GitHub and OpenAI have launched a technical preview of a new AI tool called Copilot, which lives inside the Visual Studio Code editor and autocompletes code snippets.
Copilot does more than just parrot back code it’s seen before, according to GitHub. It instead analyzes the code you’ve already written and generates new matching code, including specific functions that were previously called. Examples on the project’s website include automatically writing the code to import tweets, draw a scatterplot, or grab a Goodreads rating.
A descendant of GPT-3
GitHub sees this as an evolution of pair programming, where two coders will work on the same project to catch each others’ mistakes and speed up the development process. With Copilot, one of those coders is virtual.

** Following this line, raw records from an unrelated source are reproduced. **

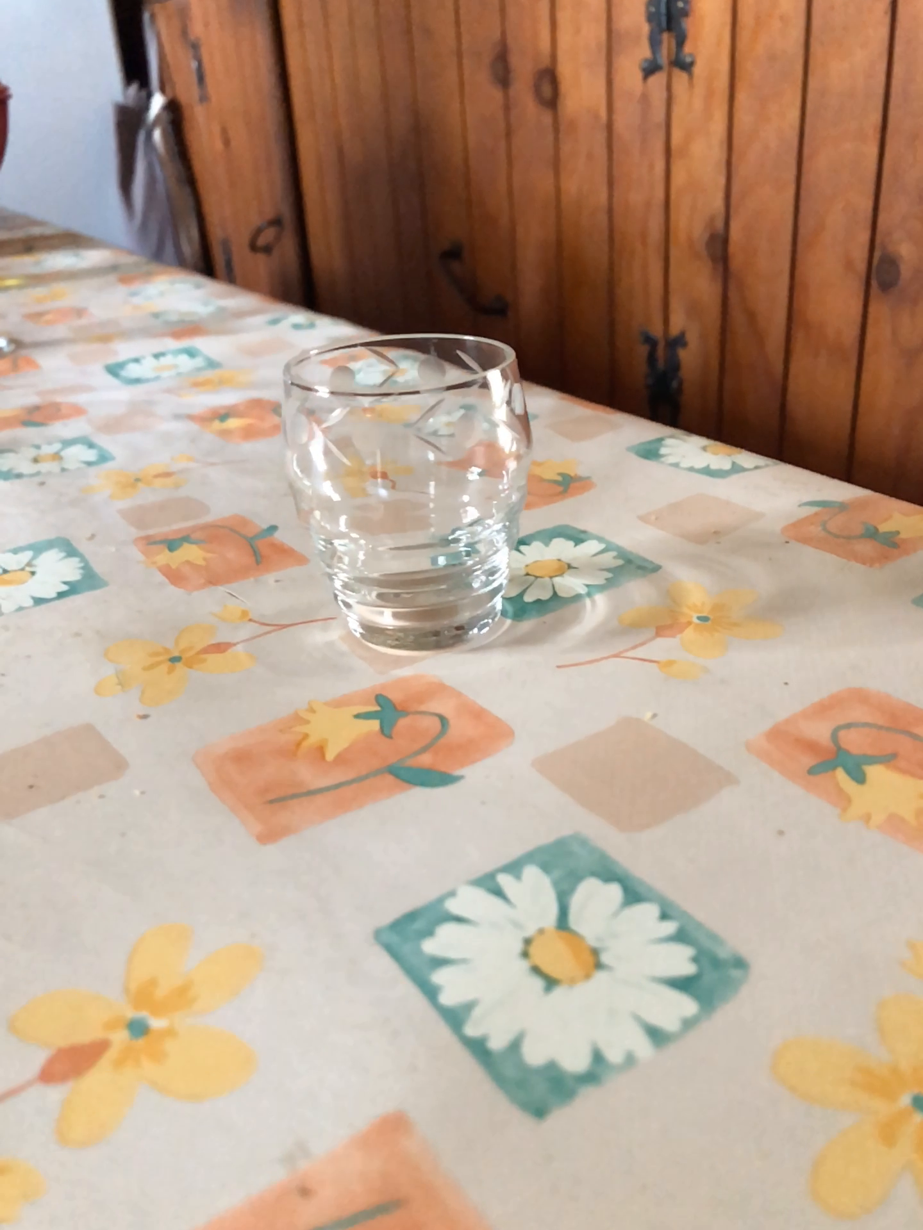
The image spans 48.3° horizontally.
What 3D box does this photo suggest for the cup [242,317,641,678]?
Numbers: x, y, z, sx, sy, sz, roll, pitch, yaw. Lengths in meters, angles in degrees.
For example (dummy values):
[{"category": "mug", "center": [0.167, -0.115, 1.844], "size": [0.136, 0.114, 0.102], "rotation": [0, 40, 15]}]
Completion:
[{"category": "cup", "center": [-0.005, -0.029, 0.216], "size": [0.060, 0.050, 0.060], "rotation": [-2, 26, 1]}]

This project is the first major result of Microsoft’s $1 billion investment into OpenAI, the research firm now led by Y Combinator president Sam Altman. Since Altman took the reins, OpenAI has pivoted from a nonprofit status to a “capped-profit” model, took on the Microsoft investment, and started licensing its GPT-3 text-generation algorithm.
Copilot is built on a new algorithm called OpenAI Codex, which OpenAI CTO Greg Brockman describes as a descendant of GPT-3.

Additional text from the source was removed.